Outgrown your light dumbbells? Try this simple trick to make your workouts more challenging

Woman exercising with one light dumbbell in a living room.

If you've outgrown your light dumbbells but are waiting for payday for a Black Friday dumbbell deal to upgrade to a heavier set, I've found a little trick you can use. Fitness trainer Danica Osborn adds a mini looped resistance band to this six-move shoulder workout to make it more challenging.

Osborn told her 735,000 Instagram followers: “This is a fantastic full shoulder and rotator workout. Great for stabilizing and strengthening, and especially good if you're limited by the weights you have at home. A band will really kick things up a notch!”

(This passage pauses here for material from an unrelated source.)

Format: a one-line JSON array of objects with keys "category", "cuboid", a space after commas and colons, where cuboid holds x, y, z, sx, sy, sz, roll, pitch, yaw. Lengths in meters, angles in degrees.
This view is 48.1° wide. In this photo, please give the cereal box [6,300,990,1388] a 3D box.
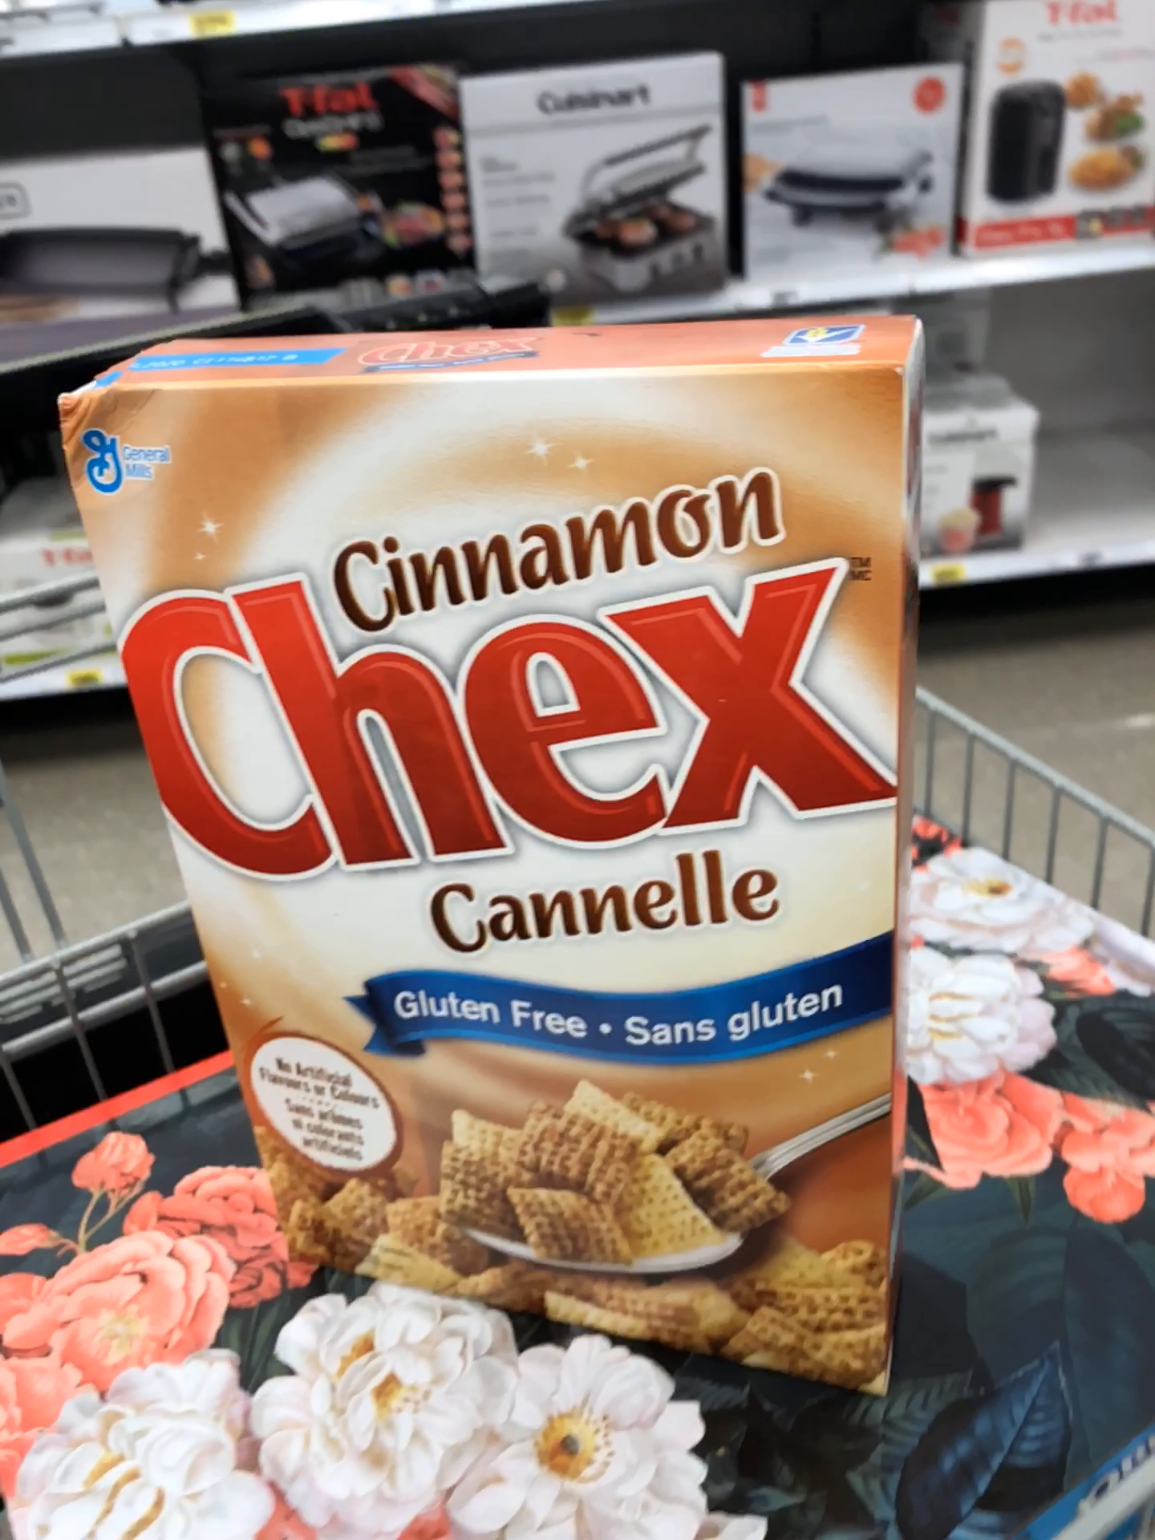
[{"category": "cereal box", "cuboid": [-0.012, 0.022, 0.331, 0.200, 0.259, 0.060, 5, 27, 15]}]

If you need to buy a set of bands, the good news Amazon's best-selling set is currently 50% off.

How to do Danica Osborn’s workout

Osborn holds 5lb dumbbells and the ends of the band in each hand. As she moves her hands apart, the band adds extra resistance. If this combination still isn't enough to challenge you, try taking longer to complete the movements.

Be sure to warm up for at least five minutes before trying this workout—try the bodyweight movements in this shoulder warm-up on our sister site Coach—and spend the same amount of time cooling down.

Benefits of adding resistance bands to your weights

Looping a resistance band around your light dumbbells can make exercises more challenging by increasing the load. And if you want your muscles to get bigger and build strength you need to keep pushing them with an increase in intensity (using a heavier load or slower tempo), frequency (more workouts per week) or volume (increasing the reps)—a principle known as progressive overload.

If you don’t keep increasing the challenge, your muscles will quickly adapt and your workouts won't result in any increases in strength. But by adding a band to your light dumbbells you make the exercises much harder, causing your muscle fibers to break down and grow back stronger.